The smart money says Elena Kagan, whom President Obama named this morning as his nominee to succeed retiring Justice John Paul Stevens, the 90-year-old leader of the Court’s liberal faction, will be confirmed by a wide margin. Kagan made it through a confirmation (though less comprehensive than a SCOTUS hearing) for her current job as solicitor general, the administration’s chief legal advocate before the Supreme Court (a notch down from Harriet Meier’s post, incidentally). She possesses superb academic credentials, a reputation for consensus building and, never having served on the bench, an extraordinarily short paper trail.

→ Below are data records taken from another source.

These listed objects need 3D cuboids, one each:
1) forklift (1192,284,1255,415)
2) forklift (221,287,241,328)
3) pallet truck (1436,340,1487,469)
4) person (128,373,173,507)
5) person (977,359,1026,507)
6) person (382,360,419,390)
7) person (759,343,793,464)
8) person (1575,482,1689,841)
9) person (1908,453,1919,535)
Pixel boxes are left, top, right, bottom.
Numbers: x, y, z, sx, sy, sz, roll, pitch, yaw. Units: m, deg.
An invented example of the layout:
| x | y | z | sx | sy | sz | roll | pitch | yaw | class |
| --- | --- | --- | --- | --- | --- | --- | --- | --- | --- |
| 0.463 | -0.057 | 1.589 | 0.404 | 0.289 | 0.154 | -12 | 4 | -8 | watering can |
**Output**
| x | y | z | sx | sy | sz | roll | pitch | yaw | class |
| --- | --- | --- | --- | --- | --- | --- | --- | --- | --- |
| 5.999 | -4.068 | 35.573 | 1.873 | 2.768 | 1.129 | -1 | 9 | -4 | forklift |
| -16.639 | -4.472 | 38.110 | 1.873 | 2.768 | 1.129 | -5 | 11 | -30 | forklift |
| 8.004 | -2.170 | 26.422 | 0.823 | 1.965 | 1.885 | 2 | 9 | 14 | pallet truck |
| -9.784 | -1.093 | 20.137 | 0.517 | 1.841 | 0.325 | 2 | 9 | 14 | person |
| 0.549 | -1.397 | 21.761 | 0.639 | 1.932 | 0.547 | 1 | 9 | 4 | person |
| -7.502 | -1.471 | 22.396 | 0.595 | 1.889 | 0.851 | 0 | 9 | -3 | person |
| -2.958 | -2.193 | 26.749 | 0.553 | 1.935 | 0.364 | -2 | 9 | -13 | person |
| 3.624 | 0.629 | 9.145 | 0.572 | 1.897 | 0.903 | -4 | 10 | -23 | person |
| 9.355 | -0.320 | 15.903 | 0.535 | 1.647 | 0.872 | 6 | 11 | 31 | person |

Even Kagan’s close friend of three decades, New York Magazine’s Jeffrey Toobin, remarked “[H]er own views were and are something of a mystery. She has written relatively little, and nothing of great consequence.”
With one exception. During her (by all accounts, stellar) tenure as dean of Harvard Law School, Kagan’s efforts to bar military recruiting on campus because she objected to “don’t ask don’t tell,” the policy that prevents preventing gays and lesbians from serving openly in the armed forces, is likely to inflame conservatives and as well many moderates. During the Vietnam era, Ivy League schools banned the ROTC from campus. But that was the 60s, and many baby boomers now have children serving in the armed forces.
Most Americans acknowledge that the U.S. military is the institution that, more than any other, makes our way of life possible. Americans legitimately can disagree with military policies, but to deny the military access to potential recruits is, as liberal (and sneakily smart) Daily Beast columnist Peter Beinart observes, “a bit like barring the president or even the flag.” Kagan would be well-advised to apologize for this particular position.